Segundo o superintendente de Meio Ambiente da Companhia de Saneamento Ambiental do Distrito Federal (Caesb), Maurício Luduvice, a companhia chegou a estudar a proposta de captação de água do São Bartolomeu, mas foi orientada pela própria Agência Nacional de Águas (ANA) a suprir a baixa disponibilidade retirando água do Lago Paranoá para abastecimento urbano. "No momento, a captação de água da Bacia do São Bartolomeu está fora de análise. Pelo menos pelos próximos 30 anos", disse. Além do Paranoá, outra alternativa de captação é a Bacia de Corumbá.

A Agência Reguladora de Águas e Saneamento do Distrito Federal (Adasa) e a ANA têm trabalhado em conjunto para proteger o Rio Pipiripau, um dos principais afluentes do São Bartolomeu. "O trabalho de fiscalização é ao longo de toda bacia, mas concentrado especialmente no Pipiripau, que é o rio que apresenta maior deficit de recursos hídricos", disse Roger de Souza, coordenador de Fiscalização da Adasa. O Programa de Produtor de Água incentiva produtores rurais a adotarem boas práticas de conservação de água e solo, como, por exemplo, o plantio de plantas nativas ou a conservação delas. "O programa visa minimizar os impactos causados pela ocupação humana, premiando quem preserva", explica Roger. A água do Pipiripau é captada pela Caesb para abastecer parte de Planaltina. A região também recebe água proveniente dos córregos Fumal e Brejinho.

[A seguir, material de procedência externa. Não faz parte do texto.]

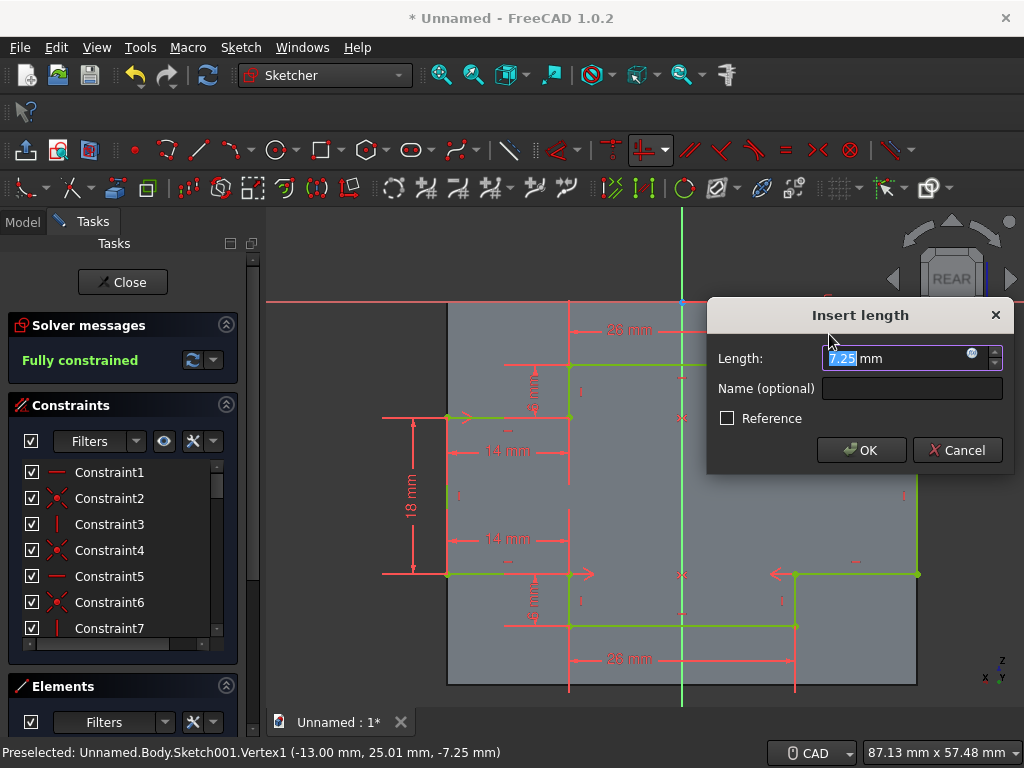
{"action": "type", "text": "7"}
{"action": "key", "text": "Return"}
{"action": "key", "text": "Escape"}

A captação é feita na Estação Ecológica de Águas Emendadas (tema da nossa próxima reportagem).

A água subterrânea da Bacia do São Bartolomeu é retirada para uso urbano por meio de poços artesianos e chega às torneiras de casas em São Sebastião. Segundo Roger, ainda há a possibilidade de ampliar o consumo da água da bacia de São Bartolomeu. Mas, segundo ele, a impermeabilização do solo é o principal obstáculo para que isso aconteça.

Para o professor Genebaldo Freire Dias, da UnB, a atuação dos órgãos ambientais para reduzir esses impactos é limitada. "Falta compreensão dos legisladores. O ambientalismo ainda é visto como um obstáculo para o progresso. As pessoas colocam o valor econômico acima de qualquer outro. É o analfabetismo ambiental", argumenta.

Porém, nem tudo está perdido. "Por outro lado, tem as universidades que demonstram a necessidade dos processos que precisam ser desenvolvidos", acalenta. "Quando as pessoas ligam a TV ou leem o jornal e percebem o que está acontecendo com o mundo em termos de enchentes, secas e outras manifestações naturais que causam desastres, elas estão tendo uma mostra do que nós, ambientalistas, queremos dizer. Se não mudarmos nossas atitudes, essas cenas não se tornarão apenas mais frequentes, mas também mais graves", alerta.